Benchmarks F.A.Q.
Are we biased?
Probably, yes. Even if we try to be objective, we are not experts in using all the existing vector databases.
We build Qdrant and know the most about it.
Due to that, we could have missed some important tweaks in different vector search engines.
However, we tried our best, kept scrolling the docs up and down, experimented with combinations of different configurations, and gave all of them an equal chance to stand out. If you believe you can do it better than us, our benchmarks are fully open-sourced, and contributions are welcome!
What do we measure?
There are several factors considered while deciding on which database to use.
Of course, some of them support a different subset of functionalities, and those might be a key factor to make the decision.

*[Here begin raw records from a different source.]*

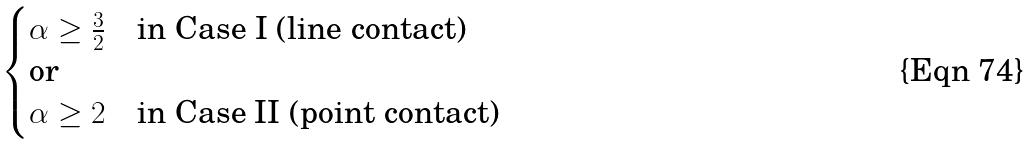Convert formula to latex. <formula><loc_0><loc_0><loc_500><loc_500>\begin{cases} \alpha \geq \frac { 3 } { 2 } \quad \text {in Case I (line contact)} \\ \text {or} \\ \alpha \geq 2 \quad \text {in Case II (point contact)} \end{cases}</formula> 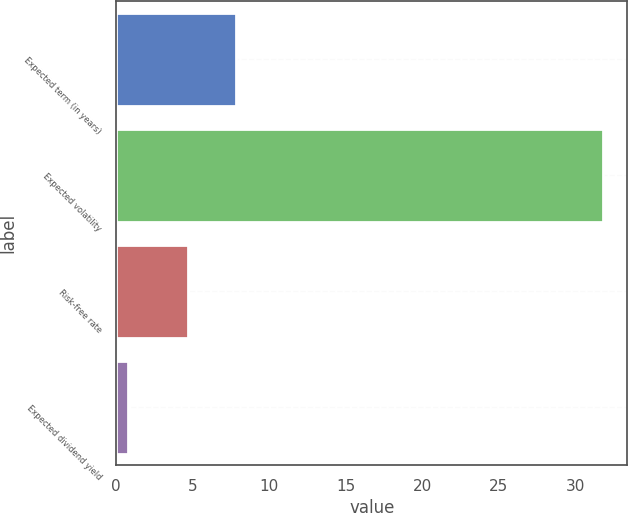Convert chart to OTSL. <chart><loc_0><loc_0><loc_500><loc_500><bar_chart><fcel>Expected term (in years)<fcel>Expected volatility<fcel>Risk-free rate<fcel>Expected dividend yield<nl><fcel>7.8<fcel>31.8<fcel>4.7<fcel>0.8<nl></chart> 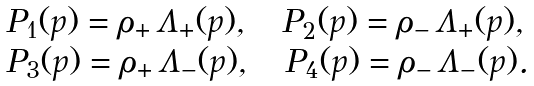<formula> <loc_0><loc_0><loc_500><loc_500>\begin{array} { l } P _ { 1 } ( p ) = \rho _ { + } \, \Lambda _ { + } ( p ) , \quad P _ { 2 } ( p ) = \rho _ { - } \, \Lambda _ { + } ( p ) , \\ P _ { 3 } ( p ) = \rho _ { + } \, \Lambda _ { - } ( p ) , \quad P _ { 4 } ( p ) = \rho _ { - } \, \Lambda _ { - } ( p ) . \end{array}</formula> 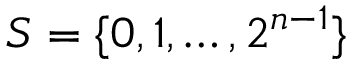<formula> <loc_0><loc_0><loc_500><loc_500>S = \{ 0 , 1 , \dots , 2 ^ { n - 1 } \}</formula> 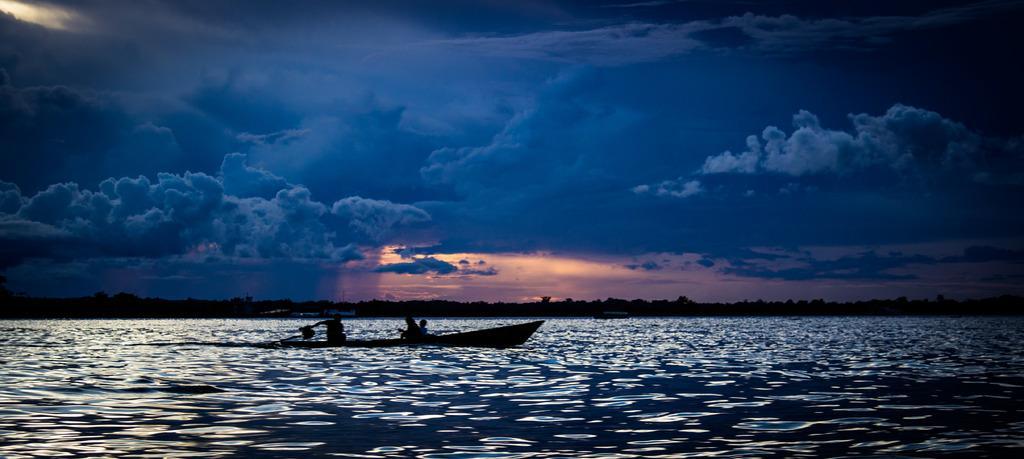How would you summarize this image in a sentence or two? This picture is clicked outside the city. In the foreground we can see a boat in the water body and we can see the group of persons in the boat. In the background we can see the sky which is full of clouds and we can see the trees and some other objects. 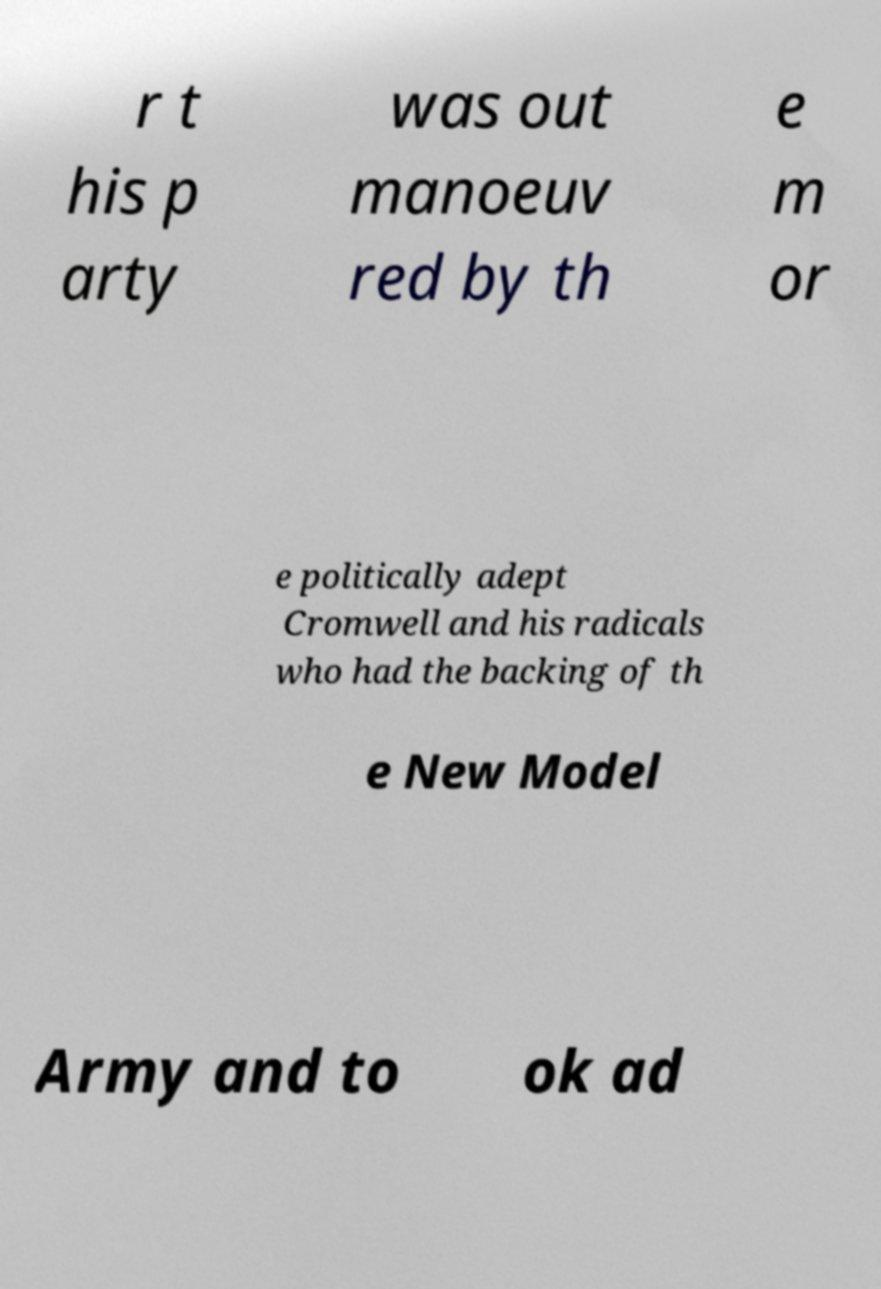Can you accurately transcribe the text from the provided image for me? r t his p arty was out manoeuv red by th e m or e politically adept Cromwell and his radicals who had the backing of th e New Model Army and to ok ad 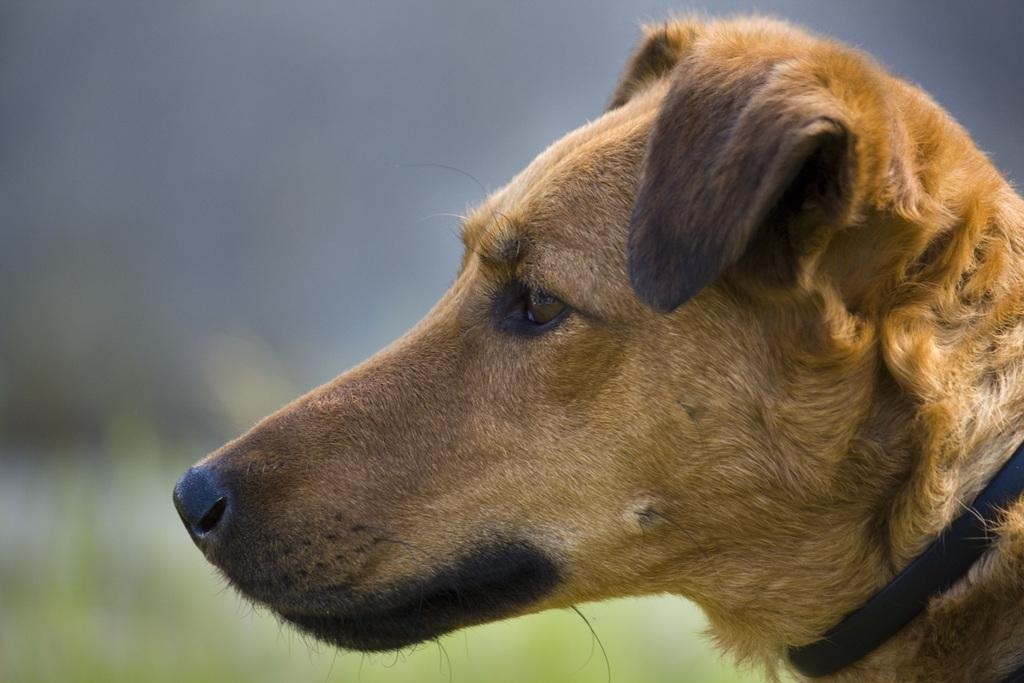What type of animal is in the image? There is a dog in the image. Can you describe the dog's appearance? The dog has brown and black coloring. What can be observed about the background of the image? The background of the image is blurred. What type of linen is being used to create the dog's fur in the image? There is no linen present in the image, as the dog's fur is a natural part of the dog's appearance. 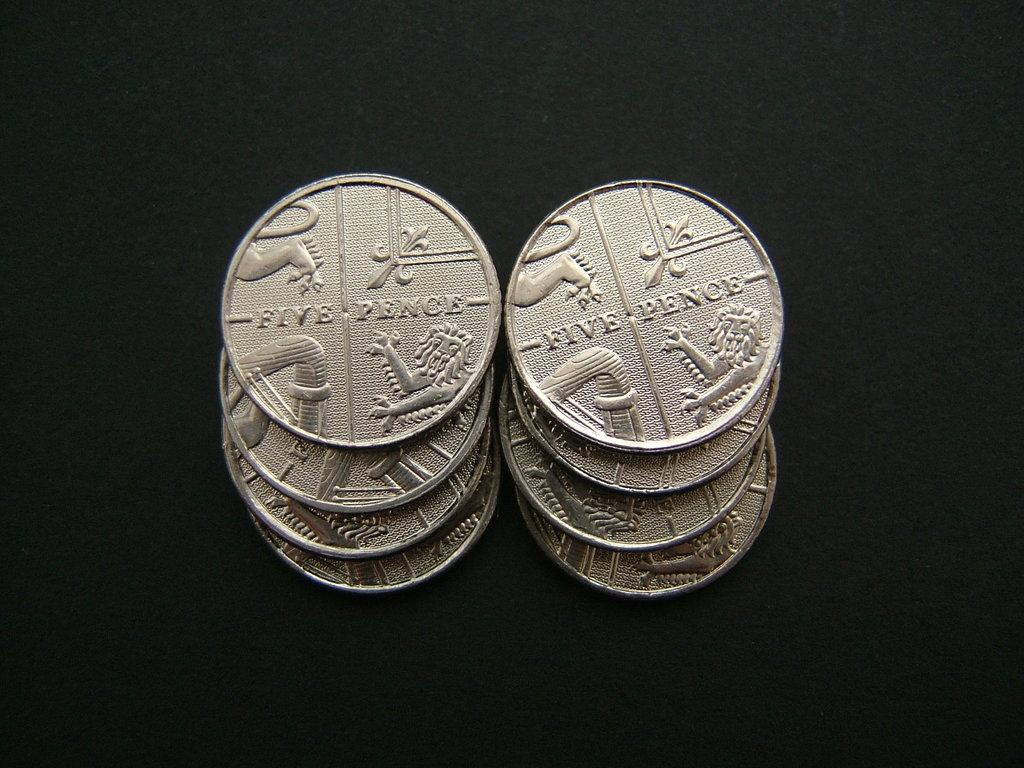<image>
Render a clear and concise summary of the photo. two stacks of four silver coins with the words 'five pence' on them 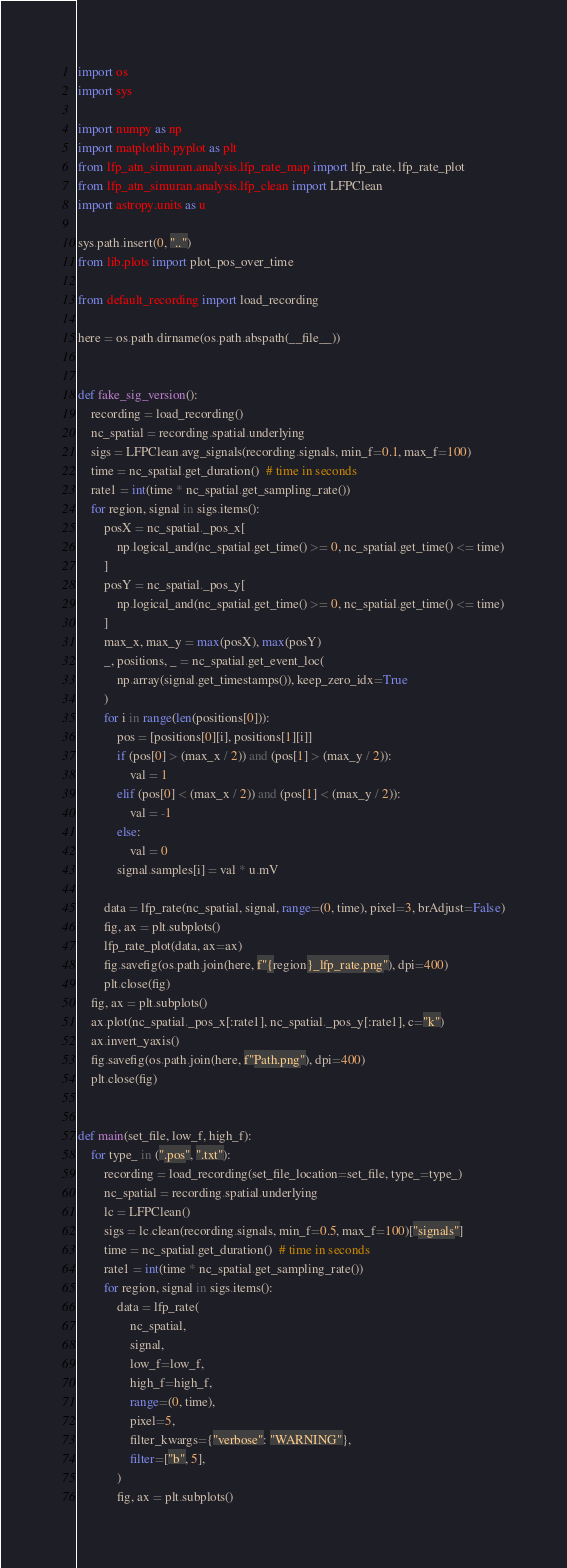Convert code to text. <code><loc_0><loc_0><loc_500><loc_500><_Python_>import os
import sys

import numpy as np
import matplotlib.pyplot as plt
from lfp_atn_simuran.analysis.lfp_rate_map import lfp_rate, lfp_rate_plot
from lfp_atn_simuran.analysis.lfp_clean import LFPClean
import astropy.units as u

sys.path.insert(0, "..")
from lib.plots import plot_pos_over_time

from default_recording import load_recording

here = os.path.dirname(os.path.abspath(__file__))


def fake_sig_version():
    recording = load_recording()
    nc_spatial = recording.spatial.underlying
    sigs = LFPClean.avg_signals(recording.signals, min_f=0.1, max_f=100)
    time = nc_spatial.get_duration()  # time in seconds
    rate1 = int(time * nc_spatial.get_sampling_rate())
    for region, signal in sigs.items():
        posX = nc_spatial._pos_x[
            np.logical_and(nc_spatial.get_time() >= 0, nc_spatial.get_time() <= time)
        ]
        posY = nc_spatial._pos_y[
            np.logical_and(nc_spatial.get_time() >= 0, nc_spatial.get_time() <= time)
        ]
        max_x, max_y = max(posX), max(posY)
        _, positions, _ = nc_spatial.get_event_loc(
            np.array(signal.get_timestamps()), keep_zero_idx=True
        )
        for i in range(len(positions[0])):
            pos = [positions[0][i], positions[1][i]]
            if (pos[0] > (max_x / 2)) and (pos[1] > (max_y / 2)):
                val = 1
            elif (pos[0] < (max_x / 2)) and (pos[1] < (max_y / 2)):
                val = -1
            else:
                val = 0
            signal.samples[i] = val * u.mV

        data = lfp_rate(nc_spatial, signal, range=(0, time), pixel=3, brAdjust=False)
        fig, ax = plt.subplots()
        lfp_rate_plot(data, ax=ax)
        fig.savefig(os.path.join(here, f"{region}_lfp_rate.png"), dpi=400)
        plt.close(fig)
    fig, ax = plt.subplots()
    ax.plot(nc_spatial._pos_x[:rate1], nc_spatial._pos_y[:rate1], c="k")
    ax.invert_yaxis()
    fig.savefig(os.path.join(here, f"Path.png"), dpi=400)
    plt.close(fig)


def main(set_file, low_f, high_f):
    for type_ in (".pos", ".txt"):
        recording = load_recording(set_file_location=set_file, type_=type_)
        nc_spatial = recording.spatial.underlying
        lc = LFPClean()
        sigs = lc.clean(recording.signals, min_f=0.5, max_f=100)["signals"]
        time = nc_spatial.get_duration()  # time in seconds
        rate1 = int(time * nc_spatial.get_sampling_rate())
        for region, signal in sigs.items():
            data = lfp_rate(
                nc_spatial,
                signal,
                low_f=low_f,
                high_f=high_f,
                range=(0, time),
                pixel=5,
                filter_kwargs={"verbose": "WARNING"},
                filter=["b", 5],
            )
            fig, ax = plt.subplots()</code> 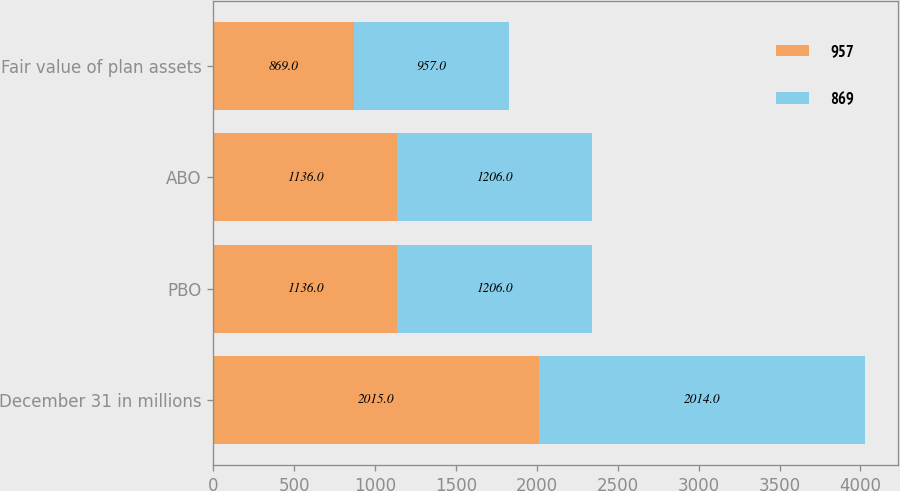Convert chart to OTSL. <chart><loc_0><loc_0><loc_500><loc_500><stacked_bar_chart><ecel><fcel>December 31 in millions<fcel>PBO<fcel>ABO<fcel>Fair value of plan assets<nl><fcel>957<fcel>2015<fcel>1136<fcel>1136<fcel>869<nl><fcel>869<fcel>2014<fcel>1206<fcel>1206<fcel>957<nl></chart>

But in general, we all care about the search precision, speed, and resources required to achieve it.
There is one important thing - the speed of the vector databases should to be compared only if they achieve the same precision. Otherwise, they could maximize the speed factors by providing inaccurate results, which everybody would rather avoid. Thus, our benchmark results are compared only at a specific search precision threshold.
How we select hardware?
In our experiments, we are not focusing on the absolute values of the metrics but rather on a relative comparison of different engines.
What is important is the fact we used the same machine for all the tests.
It was just wiped off between launching different engines.
We selected an average machine, which you can easily rent from almost any cloud provider. No extra quota or custom configuration is required.
Why you are not comparing with FAISS or Annoy?
Libraries like FAISS provide a great tool to do experiments with vector search. But they are far away from real usage in production environments.
If you are using FAISS in production, in the best case, you never need to update it in real-time. In the worst case, you have to create your custom wrapper around it to support CRUD, high availability, horizontal scalability, concurrent access, and so on.
Some vector search engines even use FAISS under the hood, but a search engine is much more than just an indexing algorithm.
We do, however, use the same benchmark datasets as the famous ann-benchmarks project, so you can align your expectations for any practical reasons.
Why we decided to test with the Python client
There is no consensus when it comes to the best technology to run benchmarks. You’re free to choose Go, Java or Rust-based systems. But there are two main reasons for us to use Python for this:
- While generating embeddings you’re most likely going to use Python and python based ML frameworks.
- Based on GitHub stars, python clients are one of the most popular clients across all the engines.
From the user’s perspective, the crucial thing is the latency perceived while using a specific library - in most cases a Python client.
Nobody can and even should redefine the whole technology stack, just because of using a specific search tool.
That’s why we decided to focus primarily on official Python libraries, provided by the database authors.
Those may use some different protocols under the hood, but at the end of the day, we do not care how the data is transferred, as long as it ends up in the target location.
There are some vector databases available as SaaS only so that we couldn’t test them on the same machine as the rest of the systems.
That makes the comparison unfair. That’s why we purely focused on testing the Open Source vector databases, so everybody may reproduce the benchmarks easily.
This is not the final list, and we’ll continue benchmarking as many different engines as possible.
How to reproduce the benchmark?
The source code is available on Github and has a README.md
file describing the process of running the benchmark for a specific engine.
How to contribute?
We made the benchmark Open Source because we believe that it has to be transparent. We could have misconfigured one of the engines or just done it inefficiently. If you feel like you could help us out, check out our benchmark repository.